My problem: Six consecutive injections of STD give a dodecane peak area of 50000 with RSD <1%. Sample injections give dodecane area of 65000 with RSD <1%. My blank is clear of peaks and so is my control (drug substance without internal standard). What is happening here? Shouldn't dodecane be a fairly inert compound?
Many thanks in advance for your advice.
-Jeff
By Albert on Thursday, January 2, 2003 - 12:11 pm:
Is there any difference in peak(s) shape and performance between standard and sample?

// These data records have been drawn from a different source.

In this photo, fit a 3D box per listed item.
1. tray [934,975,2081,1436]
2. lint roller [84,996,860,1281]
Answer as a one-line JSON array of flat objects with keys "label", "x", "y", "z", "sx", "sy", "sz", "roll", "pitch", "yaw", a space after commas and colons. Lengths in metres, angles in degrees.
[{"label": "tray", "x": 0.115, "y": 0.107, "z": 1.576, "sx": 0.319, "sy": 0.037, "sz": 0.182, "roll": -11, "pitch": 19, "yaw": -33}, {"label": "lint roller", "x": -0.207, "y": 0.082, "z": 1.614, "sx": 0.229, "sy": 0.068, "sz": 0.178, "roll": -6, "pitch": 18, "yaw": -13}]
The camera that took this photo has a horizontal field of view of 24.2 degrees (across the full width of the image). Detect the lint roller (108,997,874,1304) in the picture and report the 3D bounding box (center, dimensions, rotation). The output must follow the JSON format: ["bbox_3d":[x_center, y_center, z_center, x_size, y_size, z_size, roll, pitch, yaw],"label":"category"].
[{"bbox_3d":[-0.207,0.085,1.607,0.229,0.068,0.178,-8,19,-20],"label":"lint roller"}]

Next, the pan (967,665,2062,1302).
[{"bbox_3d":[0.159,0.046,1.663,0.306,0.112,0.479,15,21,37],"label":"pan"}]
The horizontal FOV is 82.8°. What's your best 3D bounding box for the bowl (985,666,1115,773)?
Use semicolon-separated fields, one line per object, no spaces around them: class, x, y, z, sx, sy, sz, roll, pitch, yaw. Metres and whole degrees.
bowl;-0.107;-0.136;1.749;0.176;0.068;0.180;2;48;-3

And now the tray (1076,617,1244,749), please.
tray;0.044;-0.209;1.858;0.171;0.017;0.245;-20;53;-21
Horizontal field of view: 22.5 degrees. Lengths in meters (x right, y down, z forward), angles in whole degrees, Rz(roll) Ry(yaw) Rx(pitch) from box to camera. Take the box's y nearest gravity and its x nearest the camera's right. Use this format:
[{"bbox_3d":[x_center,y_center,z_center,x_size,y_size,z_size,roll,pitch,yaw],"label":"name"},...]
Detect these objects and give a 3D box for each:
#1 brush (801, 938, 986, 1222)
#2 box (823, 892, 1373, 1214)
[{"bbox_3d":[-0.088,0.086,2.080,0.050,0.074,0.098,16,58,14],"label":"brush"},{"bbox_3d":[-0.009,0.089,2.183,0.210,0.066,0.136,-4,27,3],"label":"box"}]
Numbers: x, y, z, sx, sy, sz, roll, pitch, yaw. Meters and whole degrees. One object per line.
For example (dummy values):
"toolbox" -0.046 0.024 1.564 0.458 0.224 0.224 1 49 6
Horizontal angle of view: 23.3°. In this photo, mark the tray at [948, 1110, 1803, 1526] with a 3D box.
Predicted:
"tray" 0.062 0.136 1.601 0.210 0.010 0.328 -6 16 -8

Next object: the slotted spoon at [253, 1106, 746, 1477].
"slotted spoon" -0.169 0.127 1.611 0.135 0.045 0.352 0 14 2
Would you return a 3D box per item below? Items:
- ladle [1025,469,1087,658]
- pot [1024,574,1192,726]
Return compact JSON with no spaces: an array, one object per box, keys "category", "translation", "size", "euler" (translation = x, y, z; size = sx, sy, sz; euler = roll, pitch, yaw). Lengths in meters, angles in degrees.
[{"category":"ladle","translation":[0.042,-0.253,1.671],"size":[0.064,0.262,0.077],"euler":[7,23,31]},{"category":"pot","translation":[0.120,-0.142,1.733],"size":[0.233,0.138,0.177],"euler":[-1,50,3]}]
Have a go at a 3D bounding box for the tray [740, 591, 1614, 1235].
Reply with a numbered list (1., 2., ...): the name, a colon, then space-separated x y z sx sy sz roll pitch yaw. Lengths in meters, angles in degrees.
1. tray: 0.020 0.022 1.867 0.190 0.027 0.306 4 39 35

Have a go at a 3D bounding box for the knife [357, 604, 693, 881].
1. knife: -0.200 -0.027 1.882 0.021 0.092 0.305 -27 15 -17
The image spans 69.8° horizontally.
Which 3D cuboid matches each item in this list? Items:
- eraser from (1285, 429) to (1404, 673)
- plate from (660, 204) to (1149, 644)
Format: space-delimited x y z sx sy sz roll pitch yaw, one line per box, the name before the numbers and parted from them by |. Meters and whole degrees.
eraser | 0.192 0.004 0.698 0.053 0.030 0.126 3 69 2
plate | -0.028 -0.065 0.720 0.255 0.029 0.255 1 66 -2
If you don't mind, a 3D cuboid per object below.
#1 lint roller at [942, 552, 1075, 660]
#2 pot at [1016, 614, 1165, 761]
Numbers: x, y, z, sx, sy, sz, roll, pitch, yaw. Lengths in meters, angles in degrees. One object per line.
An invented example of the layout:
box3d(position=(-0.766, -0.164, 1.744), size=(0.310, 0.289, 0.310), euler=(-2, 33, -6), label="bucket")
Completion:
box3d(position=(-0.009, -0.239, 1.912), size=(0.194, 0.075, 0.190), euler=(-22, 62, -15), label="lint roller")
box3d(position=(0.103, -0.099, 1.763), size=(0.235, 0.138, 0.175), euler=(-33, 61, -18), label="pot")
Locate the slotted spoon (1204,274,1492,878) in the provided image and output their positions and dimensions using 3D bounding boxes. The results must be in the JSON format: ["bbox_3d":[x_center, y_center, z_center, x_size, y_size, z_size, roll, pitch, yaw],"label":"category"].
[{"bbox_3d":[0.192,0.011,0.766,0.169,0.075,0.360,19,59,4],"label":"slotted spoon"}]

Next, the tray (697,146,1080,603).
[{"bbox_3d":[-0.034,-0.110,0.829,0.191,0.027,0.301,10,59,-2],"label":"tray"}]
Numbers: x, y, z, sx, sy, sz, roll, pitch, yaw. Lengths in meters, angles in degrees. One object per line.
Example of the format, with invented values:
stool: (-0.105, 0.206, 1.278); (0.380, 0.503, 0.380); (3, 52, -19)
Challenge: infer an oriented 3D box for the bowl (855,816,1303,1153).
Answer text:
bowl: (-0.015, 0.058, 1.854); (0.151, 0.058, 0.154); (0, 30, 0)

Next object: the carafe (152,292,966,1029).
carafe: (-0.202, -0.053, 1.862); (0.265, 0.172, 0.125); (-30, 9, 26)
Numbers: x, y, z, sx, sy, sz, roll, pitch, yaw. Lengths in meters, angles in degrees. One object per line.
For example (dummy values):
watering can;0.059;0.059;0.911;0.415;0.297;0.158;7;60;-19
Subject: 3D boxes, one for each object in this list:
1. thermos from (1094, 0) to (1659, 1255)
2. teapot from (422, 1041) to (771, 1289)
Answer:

By Anonymous on Thursday, January 2, 2003 - 01:22 pm:
Dear Anon,
Yes dodecane is nicely inert. What you may be seeing is sort of a salting-out effect where the hogh conc. of drug substance is causing a lower solubility of the volatiles in your solvent, hence increasing their conc. in the headspace. Standards should ideally be run in a matrix blank if possible (the drug without any residual solvent) This should give you the best match between standards and sample injections.
Regards,
Mark
By Rodney on Thursday, January 2, 2003 - 07:51 pm:
Jeff
Mark is correct.
If this Mark is from StL, Hi Mark.
Rodney George
Gas Separations Research
Supelco
Bellefonte, PA
By Anonymous on Friday, January 3, 2003 - 01:17 pm:
All-
Thanks for the info. Sorry, however, that I neglected to mention this is not a headpace method, it is direct injection. I use a 4mm ID inlet liner w/ glass wool plug in the injector. The high concentration of drug substance does not seem to be a problem as it all comes out in the final ramp and the next chromatogram starts with a normal baseline. The peak shape for dodecane in the standards and samples looks similar (no fronting or tailing in either). Any other advice would be well appreciated.
-Jeff
By Anonymous on Friday, January 3, 2003 - 09:47 pm:
Are you preparing and injecting the control EXACTLY as you are for the new sample drug? I suspect there is something you are not telling us or that is being overlooked.
You did run the new sample without the Istd EXACTLY as you are running it with the Istd?
Perhaps if you detail your preparation procedure for the samples and stds it might give us a clue in solving your problem.